よく日ハムの札幌ドームが野球とサッカーの兼用であるが故に、ファールゾーンが異常に広く、サッカーの芝と変えるための地下のコンクリが野球選手のプレーに悪影響が出ると散々なのとは対照的だ。

また味の素スタジアムや日産スタジアムのように、陸上のトラックがあって平たい客席もサッカーファンから不評を買っている。

よく「陸上もサッカーも色々な競技が使えるように」と兼用スタジアムを作るが、①の時計のように、そうした寄せ集めのスタジアムは、どの側面から見ても価値がハンパになるのがオチだ。

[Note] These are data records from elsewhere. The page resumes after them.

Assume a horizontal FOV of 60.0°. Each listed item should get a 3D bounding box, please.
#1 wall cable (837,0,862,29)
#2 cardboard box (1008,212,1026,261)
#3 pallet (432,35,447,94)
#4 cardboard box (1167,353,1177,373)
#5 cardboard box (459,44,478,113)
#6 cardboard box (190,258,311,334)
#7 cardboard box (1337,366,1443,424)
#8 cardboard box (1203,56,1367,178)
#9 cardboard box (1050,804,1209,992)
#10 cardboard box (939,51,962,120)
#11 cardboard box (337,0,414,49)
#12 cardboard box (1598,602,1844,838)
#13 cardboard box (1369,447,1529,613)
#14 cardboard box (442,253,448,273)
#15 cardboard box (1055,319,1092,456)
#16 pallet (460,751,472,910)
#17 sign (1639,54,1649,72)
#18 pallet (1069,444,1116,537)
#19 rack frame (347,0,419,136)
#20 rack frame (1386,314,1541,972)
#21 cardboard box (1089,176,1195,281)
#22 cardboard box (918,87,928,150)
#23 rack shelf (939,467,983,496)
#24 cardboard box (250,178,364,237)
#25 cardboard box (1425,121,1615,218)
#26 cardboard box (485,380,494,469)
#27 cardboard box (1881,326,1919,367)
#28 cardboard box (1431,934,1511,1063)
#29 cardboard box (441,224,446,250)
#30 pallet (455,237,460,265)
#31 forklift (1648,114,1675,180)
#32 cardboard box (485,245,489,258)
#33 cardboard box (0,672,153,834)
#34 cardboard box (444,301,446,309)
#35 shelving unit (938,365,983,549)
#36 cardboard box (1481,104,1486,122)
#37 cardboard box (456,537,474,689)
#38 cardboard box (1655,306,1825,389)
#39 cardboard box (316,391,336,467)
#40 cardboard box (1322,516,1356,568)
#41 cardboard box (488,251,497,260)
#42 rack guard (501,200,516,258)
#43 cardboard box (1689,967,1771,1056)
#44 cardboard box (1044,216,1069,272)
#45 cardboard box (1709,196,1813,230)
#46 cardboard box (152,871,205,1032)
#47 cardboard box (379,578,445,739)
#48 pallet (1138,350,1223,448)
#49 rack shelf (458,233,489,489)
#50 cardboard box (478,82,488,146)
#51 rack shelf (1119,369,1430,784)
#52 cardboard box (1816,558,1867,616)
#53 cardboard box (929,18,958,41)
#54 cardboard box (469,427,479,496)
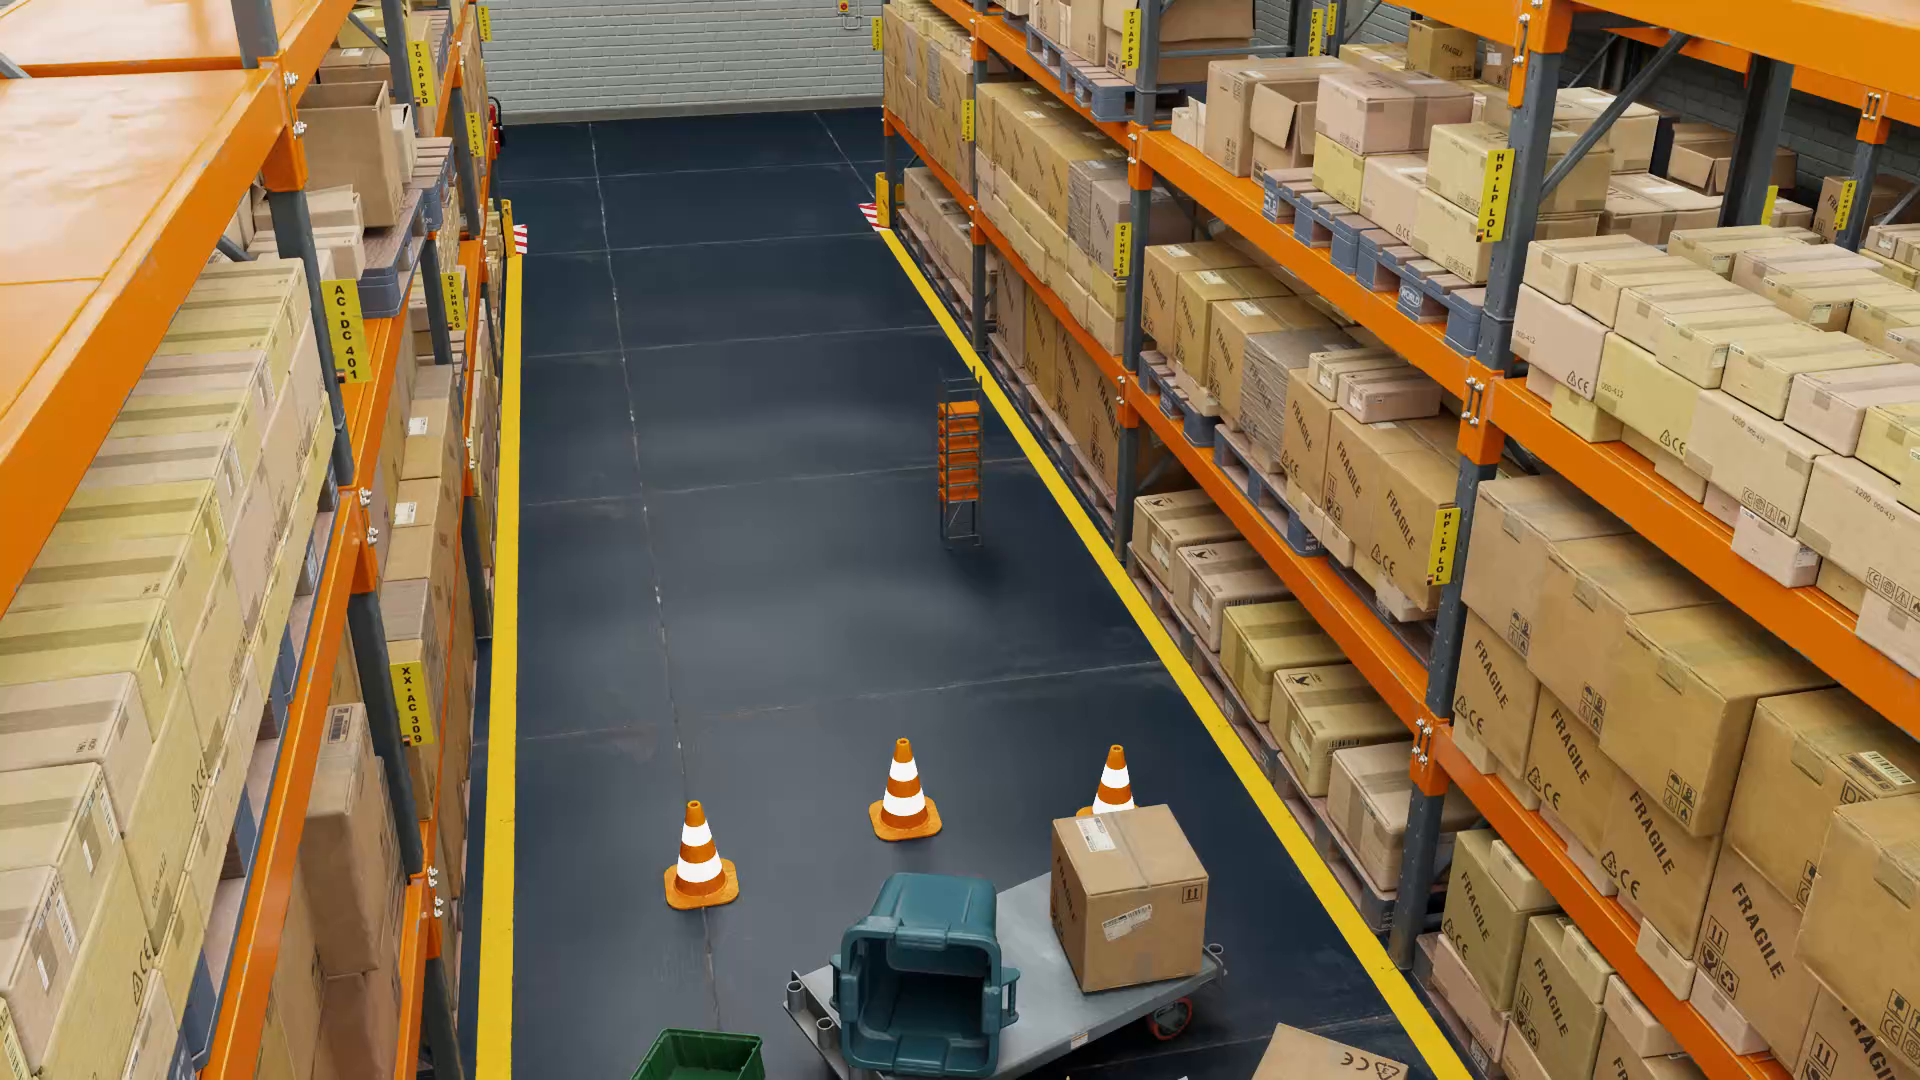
[{"bbox_3d":[-1.590,-7.722,21.904,0.585,1.953,0.123,-6,27,-12],"label":"wall cable"},{"bbox_3d":[0.665,-2.285,12.460,0.500,0.250,0.500,-6,27,-12],"label":"cardboard box"},{"bbox_3d":[-3.923,-2.997,10.584,1.213,0.211,1.003,-6,27,-12],"label":"pallet"},{"bbox_3d":[1.430,-1.055,9.671,0.380,0.149,0.250,-8,28,-15],"label":"cardboard box"},{"bbox_3d":[-4.274,-3.775,13.696,0.500,0.500,0.500,-5,27,-11],"label":"cardboard box"},{"bbox_3d":[-1.999,-0.653,4.549,0.380,0.149,0.250,-6,27,-12],"label":"cardboard box"},{"bbox_3d":[1.916,-0.649,7.425,0.380,0.149,0.250,-7,28,-13],"label":"cardboard box"},{"bbox_3d":[1.710,-2.236,8.757,0.700,0.500,0.500,-6,27,-12],"label":"cardboard box"},{"bbox_3d":[0.681,1.459,6.811,0.500,0.500,0.500,-6,27,-12],"label":"cardboard box"},{"bbox_3d":[0.123,-3.919,14.311,0.500,0.500,0.500,-6,27,-12],"label":"cardboard box"},{"bbox_3d":[-3.232,-2.879,9.183,0.396,0.266,0.258,-6,27,-12],"label":"cardboard box"},{"bbox_3d":[2.477,0.528,5.171,0.700,0.500,0.500,-7,28,-13],"label":"cardboard box"},{"bbox_3d":[2.080,-0.057,6.974,0.500,0.500,0.500,-6,27,-13],"label":"cardboard box"},{"bbox_3d":[-3.498,-1.728,10.674,0.380,0.149,0.250,-6,27,-12],"label":"cardboard box"},{"bbox_3d":[1.235,-1.212,12.060,0.875,0.875,0.875,-6,27,-11],"label":"cardboard box"},{"bbox_3d":[-2.918,1.411,8.067,1.003,0.211,1.213,-6,27,-12],"label":"pallet"},{"bbox_3d":[5.980,-4.106,14.617,0.100,0.325,0.005,-6,27,-12],"label":"sign"},{"bbox_3d":[1.402,-0.378,11.611,1.003,0.211,1.213,-6,27,-12],"label":"pallet"},{"bbox_3d":[-3.293,-3.400,7.846,1.000,3.000,0.127,-6,27,-12],"label":"rack frame"},{"bbox_3d":[2.408,0.487,6.803,1.000,3.000,0.127,-6,27,-12],"label":"rack frame"},{"bbox_3d":[1.135,-1.961,10.431,0.500,0.500,0.500,-7,28,-13],"label":"cardboard box"},{"bbox_3d":[-0.101,-3.923,15.430,0.500,0.500,0.500,-5,27,-10],"label":"cardboard box"},{"bbox_3d":[0.003,-0.382,10.888,0.258,0.103,0.180,-6,27,-12],"label":"rack shelf"},{"bbox_3d":[-2.607,-1.320,6.626,0.396,0.266,0.258,-6,27,-12],"label":"cardboard box"},{"bbox_3d":[2.153,-1.437,6.432,0.500,0.250,0.500,-5,27,-10],"label":"cardboard box"},{"bbox_3d":[-3.556,-0.799,11.659,0.500,0.500,0.500,-7,28,-13],"label":"cardboard box"},{"bbox_3d":[2.942,-0.523,4.869,0.380,0.149,0.250,-6,28,-13],"label":"cardboard box"},{"bbox_3d":[2.278,1.813,6.760,0.500,0.250,0.500,-7,28,-14],"label":"cardboard box"},{"bbox_3d":[-3.559,-1.972,10.828,0.380,0.149,0.250,-6,27,-12],"label":"cardboard box"},{"bbox_3d":[-4.164,-2.042,12.026,1.003,0.211,1.213,-6,27,-12],"label":"pallet"},{"bbox_3d":[3.695,-0.858,9.543,1.130,2.935,3.031,-7,28,-13],"label":"forklift"},{"bbox_3d":[-4.398,-2.519,14.797,0.380,0.149,0.250,-6,27,-11],"label":"cardboard box"},{"bbox_3d":[-1.484,0.350,2.563,0.380,0.149,0.250,-6,27,-12],"label":"cardboard box"},{"bbox_3d":[-3.381,-1.369,10.292,0.380,0.149,0.250,-5,27,-9],"label":"cardboard box"},{"bbox_3d":[0.003,-0.529,10.814,0.258,1.200,0.189,-6,27,-12],"label":"shelving unit"},{"bbox_3d":[5.088,-3.795,15.123,0.500,0.250,0.500,-5,27,-10],"label":"cardboard box"},{"bbox_3d":[-3.244,0.371,9.063,1.050,0.750,0.750,-6,27,-12],"label":"cardboard box"},{"bbox_3d":[2.332,-0.579,4.979,0.380,0.149,0.250,-6,27,-12],"label":"cardboard box"},{"bbox_3d":[-1.998,-0.298,4.730,0.380,0.149,0.250,-6,27,-12],"label":"cardboard box"},{"bbox_3d":[1.888,-0.013,7.607,0.380,0.149,0.250,-6,27,-12],"label":"cardboard box"},{"bbox_3d":[-4.411,-2.511,15.109,0.380,0.149,0.250,-5,27,-9],"label":"cardboard box"},{"bbox_3d":[-5.079,-3.085,16.653,1.175,0.500,0.348,-6,27,-12],"label":"rack guard"},{"bbox_3d":[2.530,1.440,5.193,0.380,0.149,0.250,-6,27,-12],"label":"cardboard box"},{"bbox_3d":[0.895,-2.060,11.460,0.500,0.250,0.500,-7,28,-13],"label":"cardboard box"},{"bbox_3d":[5.789,-2.326,12.075,0.500,0.250,0.500,-7,28,-14],"label":"cardboard box"},{"bbox_3d":[-1.483,0.705,2.744,0.380,0.149,0.250,-6,27,-11],"label":"cardboard box"},{"bbox_3d":[-2.363,0.510,6.647,0.500,0.500,0.500,-6,27,-11],"label":"cardboard box"},{"bbox_3d":[1.771,-0.881,9.727,1.213,0.211,1.003,-6,27,-12],"label":"pallet"},{"bbox_3d":[-3.744,-1.279,11.100,1.077,0.370,4.000,-6,27,-12],"label":"rack shelf"},{"bbox_3d":[-4.510,-3.792,14.840,0.500,0.500,0.500,-6,27,-11],"label":"cardboard box"},{"bbox_3d":[1.957,-0.070,8.704,1.077,0.370,4.000,-6,27,-12],"label":"rack shelf"},{"bbox_3d":[2.587,0.100,4.519,0.380,0.149,0.250,-6,27,-11],"label":"cardboard box"},{"bbox_3d":[-0.071,-4.583,14.906,0.380,0.149,0.250,-6,27,-12],"label":"cardboard box"},{"bbox_3d":[-3.213,-0.456,10.146,0.500,0.250,0.500,-7,28,-14],"label":"cardboard box"}]

正直、全ての人に好かれようとする人間が「八方美人」と呼ばれしまう。

これに対して千葉市長がツイッターをやっているので、上記の質問をした(ツイート自体は2018年3月7日)。

すると「(市長としても)筆者の意見の意味は分かるし、専用スタジアムやアリーナの方がいいのは理解している」

「しかし競輪場跡地の施設に自転車競技が出来なくなるのは、自転車関係者にすると厳しい」

「そのため自転車競技も利用可能で、なおかつヨーロッパのようなコンサートにも転用可能で、それに最適な設計の施設にする方針にした」とのこと。

正直、千葉市長という公人の立場の存在が、筆者のような平民にその日のうちに返信をしてくれたのは感謝している。かなり真摯な文面だった。

そして様々な関係者の思惑が絡む市の施設に、これ以上の回答を求めるのも難しいし、筆者としても当然受け入れるしかない。

ただ全ての競技団体に好かれようとするスタジアムやアリーナが、最終的にはそれがあらゆる人間に受け入れられるのも難しいのである。